On large systems, lru_lock can become heavily contended in memory-intensive
workloads such as decision support, applications that manage their memory
manually by allocating and freeing pages directly from the kernel, and
workloads with short-lived processes that force many munmap and exit
operations. lru_lock also inhibits scalability in many of the MM paths that
could be parallelized, such as freeing pages during exit/munmap and inode
eviction.

The problem is that lru_lock is too big of a hammer. It guards all the LRUs in
a pgdat's lruvec, needlessly serializing add-to-front, add-to-tail, and delete
operations that are done on disjoint parts of an LRU, or even completely
different LRUs.

This RFC series, developed in collaboration with Yossi Lev and Dave Dice,
offers a two-part solution to this problem.

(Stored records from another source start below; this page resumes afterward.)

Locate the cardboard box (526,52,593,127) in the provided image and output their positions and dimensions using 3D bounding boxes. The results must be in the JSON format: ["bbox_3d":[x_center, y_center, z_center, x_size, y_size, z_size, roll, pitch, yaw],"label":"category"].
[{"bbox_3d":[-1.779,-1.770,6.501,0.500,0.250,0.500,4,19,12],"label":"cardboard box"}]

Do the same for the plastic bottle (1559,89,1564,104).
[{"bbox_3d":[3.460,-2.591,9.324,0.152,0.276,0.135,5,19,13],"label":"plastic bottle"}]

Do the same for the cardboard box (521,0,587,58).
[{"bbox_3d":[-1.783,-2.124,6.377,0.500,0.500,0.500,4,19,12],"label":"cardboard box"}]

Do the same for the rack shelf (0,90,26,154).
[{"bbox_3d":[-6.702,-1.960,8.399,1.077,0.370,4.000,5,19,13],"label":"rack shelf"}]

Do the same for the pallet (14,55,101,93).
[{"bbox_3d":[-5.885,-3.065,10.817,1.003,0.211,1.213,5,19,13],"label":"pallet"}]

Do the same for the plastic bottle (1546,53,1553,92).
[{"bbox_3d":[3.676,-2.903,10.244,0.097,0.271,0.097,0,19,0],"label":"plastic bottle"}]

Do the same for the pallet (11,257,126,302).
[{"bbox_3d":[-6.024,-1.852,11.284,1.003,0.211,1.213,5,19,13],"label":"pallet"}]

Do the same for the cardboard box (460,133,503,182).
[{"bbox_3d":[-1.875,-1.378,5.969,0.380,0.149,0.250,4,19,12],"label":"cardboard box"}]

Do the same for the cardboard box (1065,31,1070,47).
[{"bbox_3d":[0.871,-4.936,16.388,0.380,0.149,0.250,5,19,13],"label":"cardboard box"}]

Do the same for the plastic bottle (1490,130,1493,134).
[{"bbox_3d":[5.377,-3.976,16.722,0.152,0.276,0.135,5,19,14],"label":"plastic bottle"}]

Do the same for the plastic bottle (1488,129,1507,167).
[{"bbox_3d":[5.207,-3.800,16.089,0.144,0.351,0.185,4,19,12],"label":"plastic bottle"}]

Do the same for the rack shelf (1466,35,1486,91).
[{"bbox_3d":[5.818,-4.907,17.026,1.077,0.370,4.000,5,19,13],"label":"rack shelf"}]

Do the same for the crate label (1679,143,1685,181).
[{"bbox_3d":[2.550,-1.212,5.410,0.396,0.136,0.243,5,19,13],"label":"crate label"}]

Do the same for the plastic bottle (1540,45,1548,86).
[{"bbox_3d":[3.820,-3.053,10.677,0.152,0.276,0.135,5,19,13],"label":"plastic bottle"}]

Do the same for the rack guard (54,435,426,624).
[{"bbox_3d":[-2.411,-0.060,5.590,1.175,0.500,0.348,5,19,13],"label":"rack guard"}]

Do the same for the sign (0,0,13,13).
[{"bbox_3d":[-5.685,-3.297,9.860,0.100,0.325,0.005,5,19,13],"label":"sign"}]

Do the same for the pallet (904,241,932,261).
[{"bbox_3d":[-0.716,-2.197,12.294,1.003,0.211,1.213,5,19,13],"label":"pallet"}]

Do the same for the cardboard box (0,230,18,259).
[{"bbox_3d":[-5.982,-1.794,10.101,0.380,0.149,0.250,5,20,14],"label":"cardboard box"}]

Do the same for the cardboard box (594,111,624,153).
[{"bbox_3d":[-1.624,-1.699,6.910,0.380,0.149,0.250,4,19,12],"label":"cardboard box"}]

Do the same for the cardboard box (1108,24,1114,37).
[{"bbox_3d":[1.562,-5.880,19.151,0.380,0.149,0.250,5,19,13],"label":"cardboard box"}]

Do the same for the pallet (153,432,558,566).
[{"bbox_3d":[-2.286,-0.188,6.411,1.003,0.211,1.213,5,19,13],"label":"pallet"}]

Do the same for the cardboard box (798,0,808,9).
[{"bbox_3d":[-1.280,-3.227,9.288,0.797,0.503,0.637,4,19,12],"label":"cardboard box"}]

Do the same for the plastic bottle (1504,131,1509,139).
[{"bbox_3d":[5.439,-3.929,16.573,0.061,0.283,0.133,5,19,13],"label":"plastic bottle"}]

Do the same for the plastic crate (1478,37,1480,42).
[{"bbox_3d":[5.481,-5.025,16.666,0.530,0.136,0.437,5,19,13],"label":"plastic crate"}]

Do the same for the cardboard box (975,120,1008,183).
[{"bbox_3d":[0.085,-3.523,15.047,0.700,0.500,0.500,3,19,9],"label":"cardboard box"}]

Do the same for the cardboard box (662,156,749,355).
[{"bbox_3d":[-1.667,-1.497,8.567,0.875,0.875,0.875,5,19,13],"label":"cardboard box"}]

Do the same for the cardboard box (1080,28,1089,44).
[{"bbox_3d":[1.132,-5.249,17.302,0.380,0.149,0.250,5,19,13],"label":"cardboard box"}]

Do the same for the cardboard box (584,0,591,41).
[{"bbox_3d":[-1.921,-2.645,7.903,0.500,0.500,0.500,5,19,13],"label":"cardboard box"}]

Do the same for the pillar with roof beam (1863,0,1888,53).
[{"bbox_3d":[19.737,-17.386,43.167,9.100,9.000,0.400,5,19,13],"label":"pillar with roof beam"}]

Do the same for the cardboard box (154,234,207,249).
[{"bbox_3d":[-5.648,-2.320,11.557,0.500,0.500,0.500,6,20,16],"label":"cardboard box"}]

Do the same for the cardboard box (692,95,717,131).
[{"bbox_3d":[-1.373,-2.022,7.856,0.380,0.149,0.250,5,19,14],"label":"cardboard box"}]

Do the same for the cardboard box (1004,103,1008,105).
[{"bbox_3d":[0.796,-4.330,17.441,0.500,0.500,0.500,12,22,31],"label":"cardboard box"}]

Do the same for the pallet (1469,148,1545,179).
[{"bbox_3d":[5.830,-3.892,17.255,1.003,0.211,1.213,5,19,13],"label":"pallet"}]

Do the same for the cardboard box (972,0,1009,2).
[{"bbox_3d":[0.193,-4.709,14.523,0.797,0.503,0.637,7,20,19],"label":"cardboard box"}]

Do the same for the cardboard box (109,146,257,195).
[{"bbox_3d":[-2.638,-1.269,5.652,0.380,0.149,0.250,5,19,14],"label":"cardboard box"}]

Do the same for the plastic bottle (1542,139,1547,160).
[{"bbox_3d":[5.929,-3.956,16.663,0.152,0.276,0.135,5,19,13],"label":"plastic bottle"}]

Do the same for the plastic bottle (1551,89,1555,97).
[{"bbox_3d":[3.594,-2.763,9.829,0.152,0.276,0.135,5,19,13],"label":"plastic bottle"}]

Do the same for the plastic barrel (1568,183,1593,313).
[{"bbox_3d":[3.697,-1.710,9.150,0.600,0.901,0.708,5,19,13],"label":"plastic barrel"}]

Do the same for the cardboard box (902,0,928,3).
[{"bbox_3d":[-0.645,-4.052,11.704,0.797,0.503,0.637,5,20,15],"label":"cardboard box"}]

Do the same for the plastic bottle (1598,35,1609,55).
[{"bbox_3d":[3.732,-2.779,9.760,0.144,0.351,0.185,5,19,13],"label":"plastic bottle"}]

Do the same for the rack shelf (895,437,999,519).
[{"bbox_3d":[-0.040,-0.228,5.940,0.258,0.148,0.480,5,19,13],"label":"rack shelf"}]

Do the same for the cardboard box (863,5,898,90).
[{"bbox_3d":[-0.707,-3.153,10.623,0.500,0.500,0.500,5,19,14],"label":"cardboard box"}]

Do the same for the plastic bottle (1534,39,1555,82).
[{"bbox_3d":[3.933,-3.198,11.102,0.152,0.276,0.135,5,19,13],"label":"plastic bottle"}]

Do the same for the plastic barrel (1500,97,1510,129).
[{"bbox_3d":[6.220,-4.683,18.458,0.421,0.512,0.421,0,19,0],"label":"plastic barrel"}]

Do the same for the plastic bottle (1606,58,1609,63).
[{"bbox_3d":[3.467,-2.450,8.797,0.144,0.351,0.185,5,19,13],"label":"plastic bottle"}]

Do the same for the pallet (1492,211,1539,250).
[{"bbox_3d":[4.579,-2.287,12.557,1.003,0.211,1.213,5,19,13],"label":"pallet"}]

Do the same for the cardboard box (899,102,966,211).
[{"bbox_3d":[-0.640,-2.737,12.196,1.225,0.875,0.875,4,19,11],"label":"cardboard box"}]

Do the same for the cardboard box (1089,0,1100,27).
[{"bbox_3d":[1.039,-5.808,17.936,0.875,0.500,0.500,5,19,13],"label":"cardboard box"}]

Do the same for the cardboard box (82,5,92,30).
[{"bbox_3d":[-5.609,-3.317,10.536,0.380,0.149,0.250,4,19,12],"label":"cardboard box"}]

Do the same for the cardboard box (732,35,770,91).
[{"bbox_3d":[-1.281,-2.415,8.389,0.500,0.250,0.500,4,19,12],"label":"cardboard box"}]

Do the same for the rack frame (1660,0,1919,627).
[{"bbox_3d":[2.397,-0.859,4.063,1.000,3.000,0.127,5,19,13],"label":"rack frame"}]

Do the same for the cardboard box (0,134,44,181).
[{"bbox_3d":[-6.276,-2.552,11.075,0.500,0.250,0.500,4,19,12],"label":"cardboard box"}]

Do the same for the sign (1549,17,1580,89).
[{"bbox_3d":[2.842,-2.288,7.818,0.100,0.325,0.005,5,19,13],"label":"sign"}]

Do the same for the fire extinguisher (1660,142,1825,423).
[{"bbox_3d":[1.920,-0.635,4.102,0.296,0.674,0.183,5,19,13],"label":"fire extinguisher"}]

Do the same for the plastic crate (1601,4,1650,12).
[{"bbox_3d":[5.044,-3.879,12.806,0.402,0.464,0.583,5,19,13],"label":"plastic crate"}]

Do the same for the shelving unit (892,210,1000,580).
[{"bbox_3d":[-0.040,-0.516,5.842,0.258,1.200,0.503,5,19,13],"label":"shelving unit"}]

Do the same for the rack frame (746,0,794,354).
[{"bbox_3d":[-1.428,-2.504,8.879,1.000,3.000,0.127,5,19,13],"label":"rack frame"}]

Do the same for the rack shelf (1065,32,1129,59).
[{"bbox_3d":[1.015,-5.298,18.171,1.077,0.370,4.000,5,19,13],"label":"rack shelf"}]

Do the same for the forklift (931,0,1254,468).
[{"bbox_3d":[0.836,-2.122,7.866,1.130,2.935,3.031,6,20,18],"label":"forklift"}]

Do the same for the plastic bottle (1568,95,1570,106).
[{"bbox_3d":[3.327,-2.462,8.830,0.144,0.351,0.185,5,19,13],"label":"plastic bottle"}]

First, three new list functions are introduced to allow multiple threads to
operate on the same linked list simultaneously under certain conditions, which
are spelled out in more detail in code comments and changelogs. The functions
are smp_list_del, smp_list_splice, and smp_list_add, and do the same things as
their non-SMP-safe counterparts. These primitives may be used elsewhere in the
kernel as the need arises; for example, in the page allocator free lists to
scale zone->lock[2], or in file system LRUs[3].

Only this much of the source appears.